Nicolás Cabral (Córdoba, Argentina, 1975). En 2017 publicó la novela Las moradas (Periférica, 2017).

James Joyce inventó la lengua del futuro (o las lenguas del futuro, si incluimos las traducciones, existentes o potenciales, nunca definitivas, siempre a punto de ocurrir). Un signo abierto, en forma de libro: alberga el sueño de una noche, la historia del mundo. En Finnegans Wake (1939) el inglés deja de serlo conforme deglute vocablos de otras lenguas. Puede verse y oírse, antes que leerse. Distintas historias son contadas simultáneamente. La primera frase de «Dante… Bruno. Vico.. Joyce» (1929), el ensayo de Samuel Beckett sobre la entonces Obra en curso del maestro, dice: «El peligro reside en la nitidez de las identificaciones». Signo fracturado, que retumba: un trueno como el que Giambattista Vico oye en el inicio de la historia. «El trueno impulsa a los hombres a cambiar sus estructuras sociales (corren hacia el refugio, que alberga la construcción de comunidades, para escapar de él)», explica Anthony Burgess en ReJoyce (1965). «El lenguaje es una tentativa de presentar el sonido del trueno en vocablos humanos», agrega en sus reflexiones sobre Finnegans Wake. El sonido, el efecto de la onda de choque, persiste como eco que puebla el futuro.

Marshall McLuhan cita, en Comprender los medios de comunicación (1964), una noticia de Associated Press aparecida el 9 de agosto de 1962 —el año de la publicación de La naranja mecánica— de algo ocurrido en Santa Mónica, California: «Unos cien infractores de las normas de tráfico vieron hoy una película de la policía de tráfico a modo de expiación por sus infracciones. Dos de ellos tuvieron que ser atendidos por náuseas y trauma». ¿Será casualidad que un pensador como McLuhan, cuya cabeza operaba como un radar atento a los efectos de «las extensiones del ser humano», haya sido, como Burgess, un entusiasta de Finnegans Wake?

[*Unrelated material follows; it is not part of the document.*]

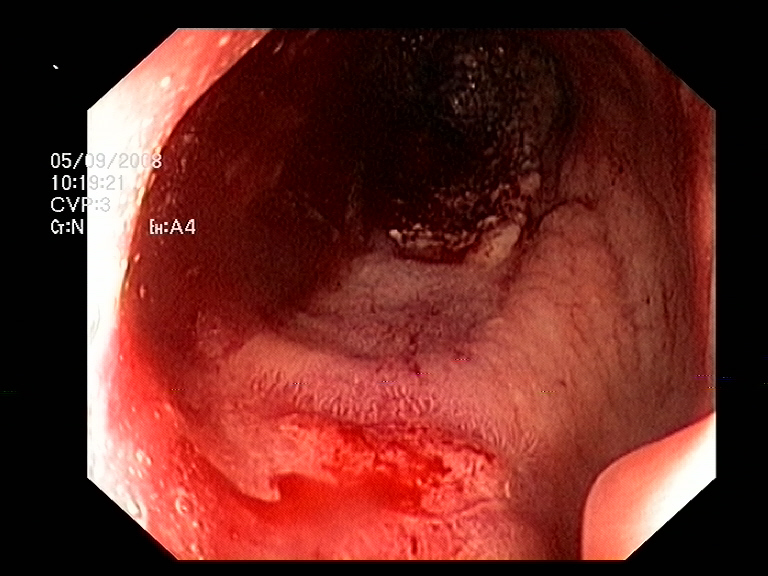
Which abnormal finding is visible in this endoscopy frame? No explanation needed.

blood in the lumen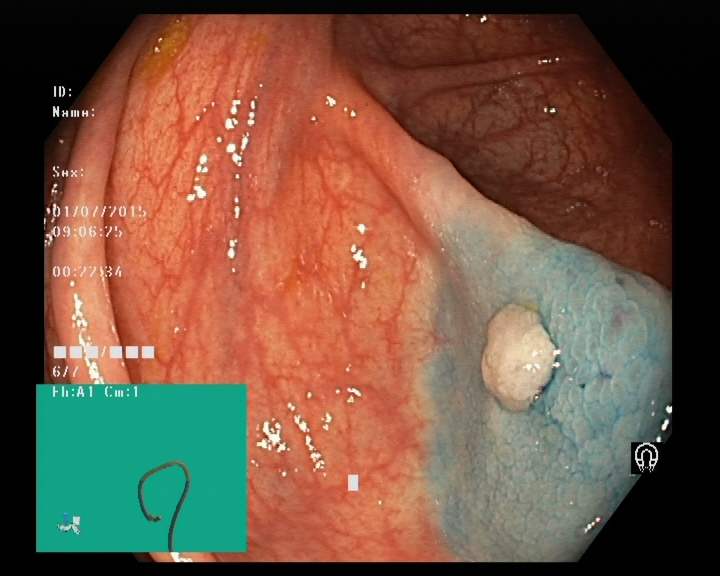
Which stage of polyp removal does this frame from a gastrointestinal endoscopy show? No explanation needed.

dyed and lifted polyp (pre-resection)

Luego de una batalla con otra pandilla, interrumpida por las sirenas de la policía, Alex y sus drugos caminan entre dos bloques de departamentos, exhaustos. Como si se tratara de la luz parpadeante de las fogatas en las cuevas de los primeros hombres —la analogía proviene de McLuhan—, observan el fulgor azul en las ventanas: «Esa noche pasaban lo que solían llamar un programa mundial, porque todos los habitantes del mundo podían ver si lo deseaban el mismo programa; y el público era casi siempre los liudos de edad madura de la clase media», leemos en la primera parte de La naranja mecánica. El futuro en el que transcurre la novela tiene como fondo una vida modulada por los medios, pero algunos adolescentes han encontrado en el «latigazo de lo ultraviolento» una forma de relacionarse con lo real. Más allá de las intenciones de Burgess, que en el capítulo final —suprimido en la edición estadounidense y en la adaptación al cine de Stanley Kubrick— se muestran francamente moralizantes, lo cierto es que su libro captura las características de las generaciones postalfabéticas que nacerían unos lustros más tarde: posthumanos que, devastados psíquicamente, están incapacitados para la empatía.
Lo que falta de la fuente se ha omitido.